*** Record excerpts ***
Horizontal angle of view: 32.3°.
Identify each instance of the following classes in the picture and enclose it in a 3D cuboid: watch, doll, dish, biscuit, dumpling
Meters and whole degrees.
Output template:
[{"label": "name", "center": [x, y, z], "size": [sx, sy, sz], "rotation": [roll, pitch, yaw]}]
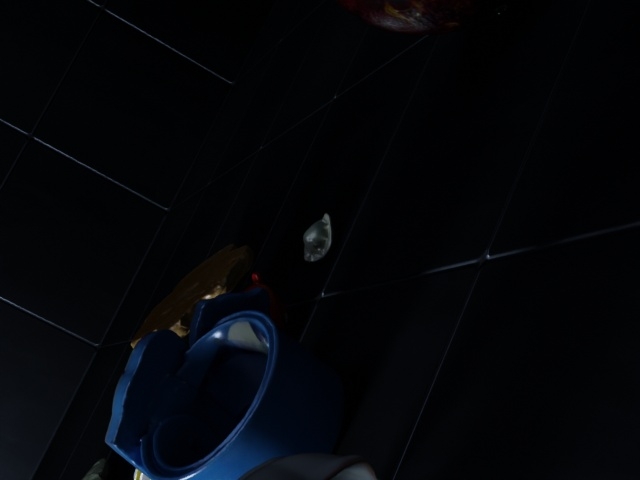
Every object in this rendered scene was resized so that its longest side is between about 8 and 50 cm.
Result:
[{"label": "watch", "center": [-0.089, 0.193, 1.386], "size": [0.275, 0.241, 0.305], "rotation": [-5, 54, 53]}, {"label": "doll", "center": [-0.101, 0.160, 1.699], "size": [0.183, 0.085, 0.217], "rotation": [141, 137, -64]}, {"label": "dish", "center": [-0.047, 0.269, 1.062], "size": [0.081, 0.229, 0.229], "rotation": [45, 111, 30]}, {"label": "biscuit", "center": [-0.239, 0.113, 2.165], "size": [0.269, 0.051, 0.376], "rotation": [-35, 12, 20]}, {"label": "dumpling", "center": [0.000, 0.001, 1.729], "size": [0.077, 0.043, 0.059], "rotation": [-45, 33, 0]}]

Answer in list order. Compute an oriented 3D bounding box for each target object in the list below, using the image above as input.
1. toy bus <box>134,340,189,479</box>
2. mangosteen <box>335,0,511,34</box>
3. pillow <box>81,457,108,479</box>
[{"label": "toy bus", "center": [-0.231, 0.285, 1.729], "size": [0.301, 0.139, 0.113], "rotation": [-96, 18, -61]}, {"label": "mangosteen", "center": [0.143, -0.470, 1.515], "size": [0.381, 0.381, 0.421], "rotation": [-57, 2, 15]}, {"label": "pillow", "center": [-0.509, 0.600, 2.247], "size": [0.274, 0.076, 0.281], "rotation": [-58, 9, 2]}]
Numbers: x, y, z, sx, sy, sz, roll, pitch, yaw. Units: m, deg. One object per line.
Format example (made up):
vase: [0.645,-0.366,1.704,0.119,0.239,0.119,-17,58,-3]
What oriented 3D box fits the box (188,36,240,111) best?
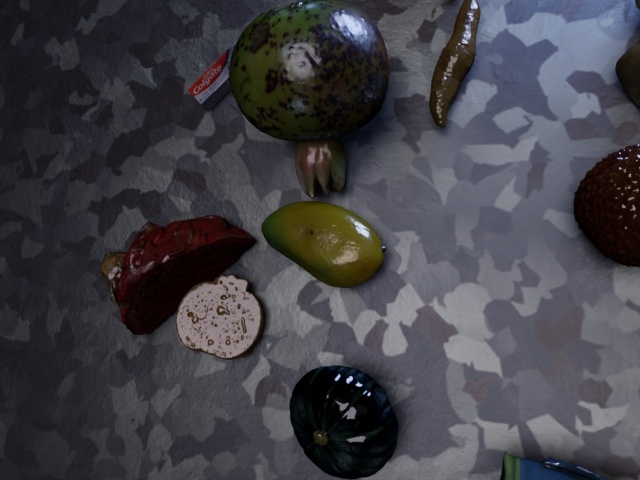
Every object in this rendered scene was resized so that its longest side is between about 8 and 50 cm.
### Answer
box: [-0.181,-0.368,1.145,0.218,0.039,0.055,-42,73,8]

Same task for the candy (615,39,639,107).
candy: [0.571,-0.224,0.843,0.104,0.102,0.234,-33,75,10]

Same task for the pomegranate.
pomegranate: [-0.004,-0.243,0.976,0.285,0.285,0.340,-1,114,18]

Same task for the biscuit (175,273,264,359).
biscuit: [-0.188,0.144,1.056,0.170,0.050,0.170,-1,79,3]

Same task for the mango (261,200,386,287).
mango: [0.005,-0.005,1.000,0.237,0.091,0.137,34,87,20]

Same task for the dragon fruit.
dragon fruit: [-0.309,0.028,1.036,0.317,0.205,0.152,-39,71,8]

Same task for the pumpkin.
pumpkin: [0.035,0.301,0.909,0.194,0.150,0.194,-7,76,28]

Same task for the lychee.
lychee: [0.476,-0.054,0.809,0.194,0.194,0.194,-3,80,18]

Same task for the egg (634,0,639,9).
egg: [0.584,-0.437,0.842,0.164,0.164,0.201,48,121,19]

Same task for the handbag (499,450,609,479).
handbag: [0.348,0.433,0.726,0.241,0.263,0.222,9,109,16]

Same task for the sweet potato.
sweet potato: [0.247,-0.333,0.990,0.067,0.067,0.274,15,80,20]
*** End of Record excerpts ***
- _Aim of the exercise_
Your job is to copy each entry exactly as written; the pictures do not go in.

- _Answer to this exercise_
Horizontal angle of view: 32.3°.
Identify each instance of the following classes in the picture and enclose it in a 3D cuboid: watch, doll, dish, biscuit, dumpling
Meters and whole degrees.
Output template:
[{"label": "name", "center": [x, y, z], "size": [sx, sy, sz], "rotation": [roll, pitch, yaw]}]
Every object in this rendered scene was resized so that its longest side is between about 8 and 50 cm.
Result:
[{"label": "watch", "center": [-0.089, 0.193, 1.386], "size": [0.275, 0.241, 0.305], "rotation": [-5, 54, 53]}, {"label": "doll", "center": [-0.101, 0.160, 1.699], "size": [0.183, 0.085, 0.217], "rotation": [141, 137, -64]}, {"label": "dish", "center": [-0.047, 0.269, 1.062], "size": [0.081, 0.229, 0.229], "rotation": [45, 111, 30]}, {"label": "biscuit", "center": [-0.239, 0.113, 2.165], "size": [0.269, 0.051, 0.376], "rotation": [-35, 12, 20]}, {"label": "dumpling", "center": [0.000, 0.001, 1.729], "size": [0.077, 0.043, 0.059], "rotation": [-45, 33, 0]}]

Answer in list order. Compute an oriented 3D bounding box for each target object in the list below, using the image above as input.
1. toy bus <box>134,340,189,479</box>
2. mangosteen <box>335,0,511,34</box>
3. pillow <box>81,457,108,479</box>
[{"label": "toy bus", "center": [-0.231, 0.285, 1.729], "size": [0.301, 0.139, 0.113], "rotation": [-96, 18, -61]}, {"label": "mangosteen", "center": [0.143, -0.470, 1.515], "size": [0.381, 0.381, 0.421], "rotation": [-57, 2, 15]}, {"label": "pillow", "center": [-0.509, 0.600, 2.247], "size": [0.274, 0.076, 0.281], "rotation": [-58, 9, 2]}]
Numbers: x, y, z, sx, sy, sz, roll, pitch, yaw. Units: m, deg. One object per line.
Format example (made up):
vase: [0.645,-0.366,1.704,0.119,0.239,0.119,-17,58,-3]
What oriented 3D box fits the box (188,36,240,111) best?
Every object in this rendered scene was resized so that its longest side is between about 8 and 50 cm.
### Answer
box: [-0.181,-0.368,1.145,0.218,0.039,0.055,-42,73,8]

Same task for the candy (615,39,639,107).
candy: [0.571,-0.224,0.843,0.104,0.102,0.234,-33,75,10]

Same task for the pomegranate.
pomegranate: [-0.004,-0.243,0.976,0.285,0.285,0.340,-1,114,18]

Same task for the biscuit (175,273,264,359).
biscuit: [-0.188,0.144,1.056,0.170,0.050,0.170,-1,79,3]

Same task for the mango (261,200,386,287).
mango: [0.005,-0.005,1.000,0.237,0.091,0.137,34,87,20]

Same task for the dragon fruit.
dragon fruit: [-0.309,0.028,1.036,0.317,0.205,0.152,-39,71,8]

Same task for the pumpkin.
pumpkin: [0.035,0.301,0.909,0.194,0.150,0.194,-7,76,28]

Same task for the lychee.
lychee: [0.476,-0.054,0.809,0.194,0.194,0.194,-3,80,18]

Same task for the egg (634,0,639,9).
egg: [0.584,-0.437,0.842,0.164,0.164,0.201,48,121,19]

Same task for the handbag (499,450,609,479).
handbag: [0.348,0.433,0.726,0.241,0.263,0.222,9,109,16]

Same task for the sweet potato.
sweet potato: [0.247,-0.333,0.990,0.067,0.067,0.274,15,80,20]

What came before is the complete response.